Principal, minimal and senior authorship

Principal authorship, as required in some PhD regulations, is an undefined entity in terms of authorship credit. Taken to mean ≥50% authorship credit per paper, as occasionally specified in university guidelines (Anonymous 2007b; Kumpulainen 2008), would imply a request for first authorship on papers with no more than three coauthors (Hagen 2008, fig. 2A therein). At Karolinska Institute only 16.2% of the 1488 papers submitted in 2008 qualified for ≥50% harmonic authorship credit.

Inclusion of papers with a minimal contribution by the PhD candidate is frequently discouraged but rarely quantified (e.g. Anonymous 2007b; Kumpulainen 2008).
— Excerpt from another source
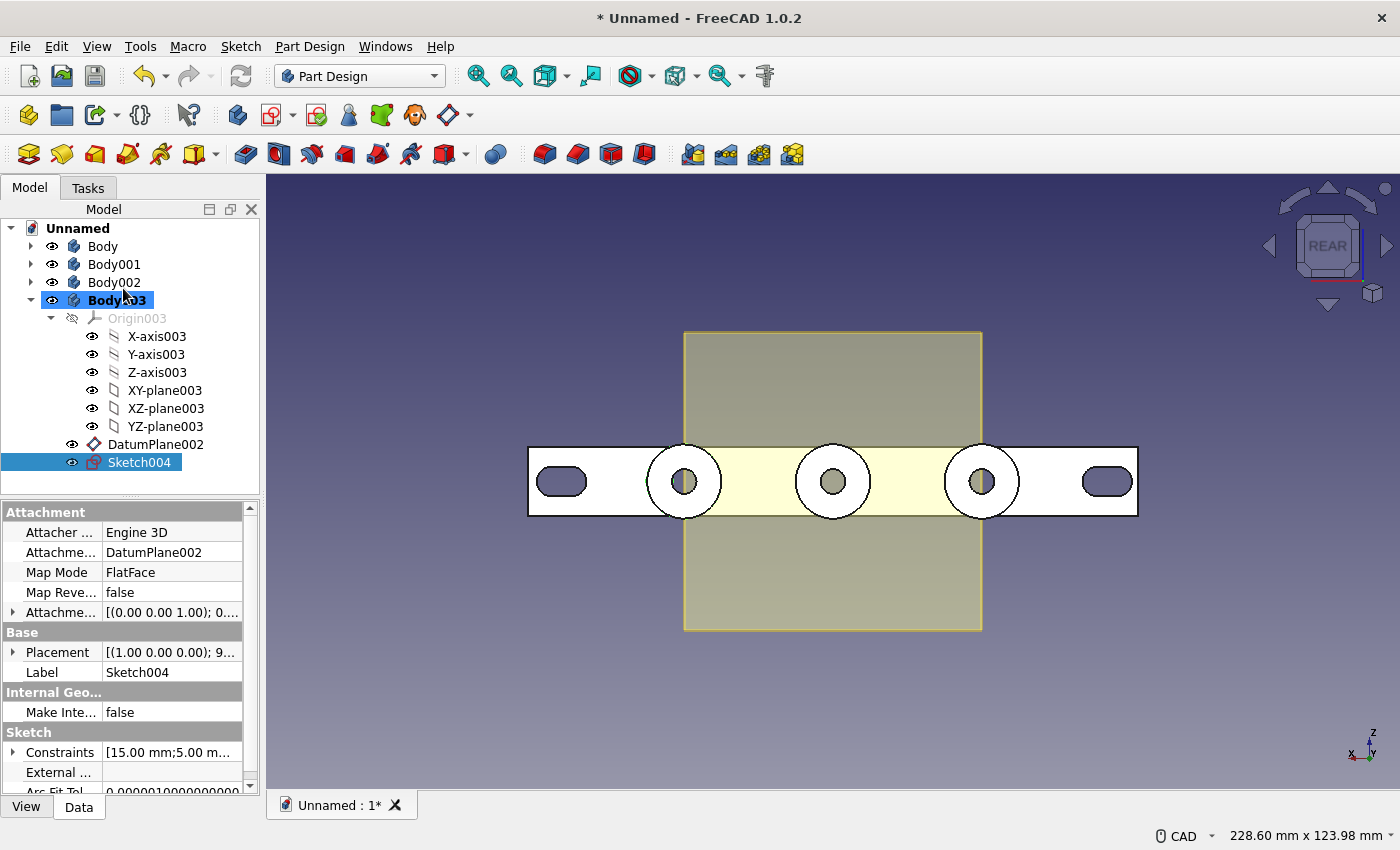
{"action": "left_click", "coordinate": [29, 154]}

Defining a minimal contribution as at least 25% harmonic authorship credit would imply first authorship on papers with no more than 30 coauthors, or second authorship on papers with no more than three coauthors (Hagen 2008, fig. 2A therein). At the Karolinska Institute 80.4% of papers submitted in 2008 qualified for ≥25% harmonic authorship credit.
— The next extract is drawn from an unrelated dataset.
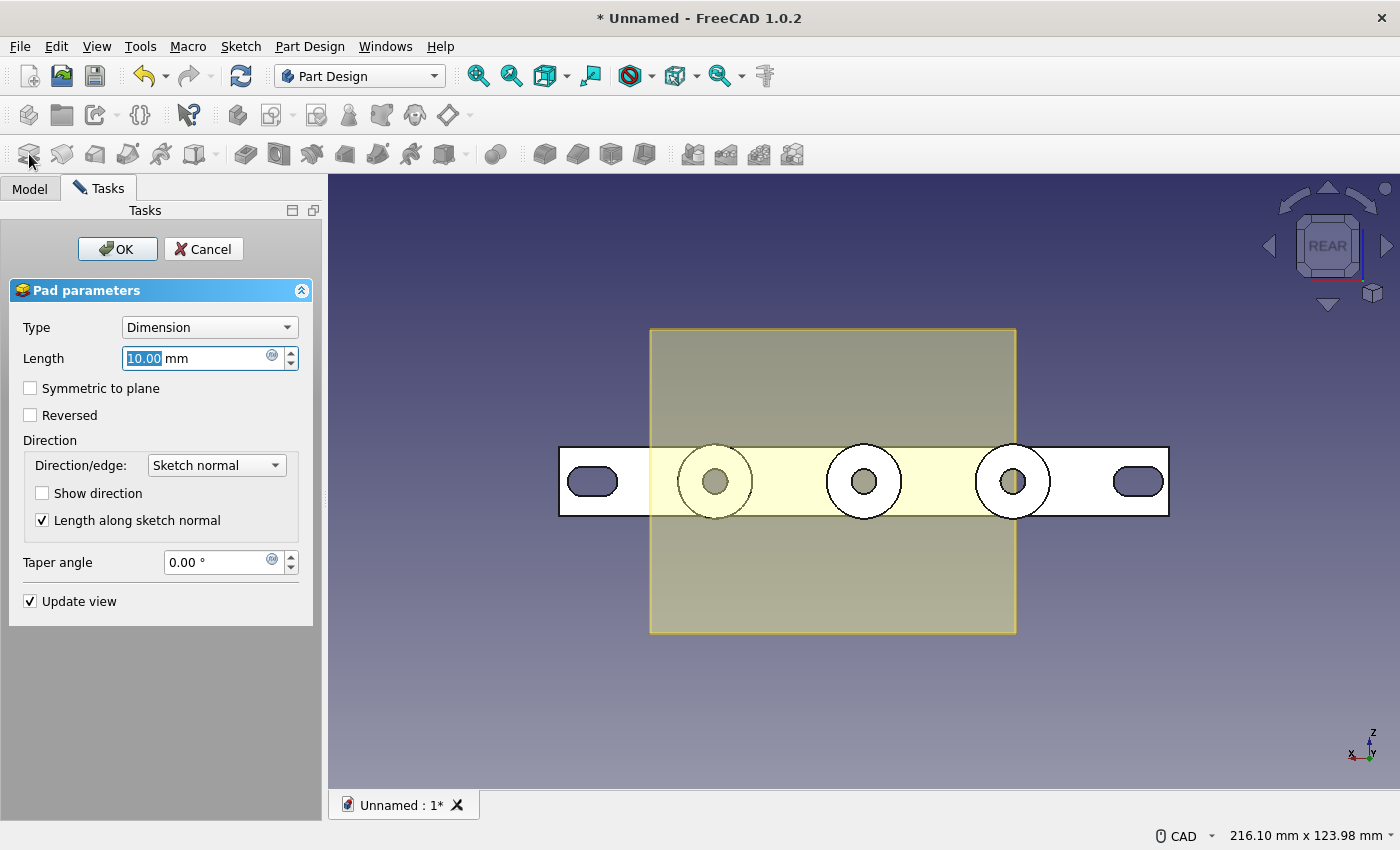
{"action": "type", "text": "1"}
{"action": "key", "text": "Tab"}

Senior authorship (last author), although still recognized on a par with first authorship in some biomedical subfields (Wren et al. 2007), is controversially associated with unwarranted byline inclusion (e.g. Strange 2008; Ward 1994) and was not unequivocally identifiable in the present dataset due to inconsistent usage. For applicable papers the overall effect of not including senior authorship in the quantification of authorship credit is to overestimate the contribution of PhD graduates by an amount equivalent to the difference between sole first authorship and shared first authorship (Fig. 5) (Hagen 2008, fig. 5 therein).

Conclusions

Harmonic allocation of authorship credit provides an unbiased bibliometric measure of current PhD requirements, and sets a de facto baseline for the requisite scientific productivity of a contemporary PhD at a median value of approximately 1.6 undivided papers per dissertation. Comparison with previous census data suggests that the baseline has shifted over the past two decades as a result of a decrease in the number of submitted papers per candidate and an increase in the number of coauthors per paper. Setting a hypothetical benchmark at two undivided papers per dissertation would disqualify almost 80% of the dissertations in the sample.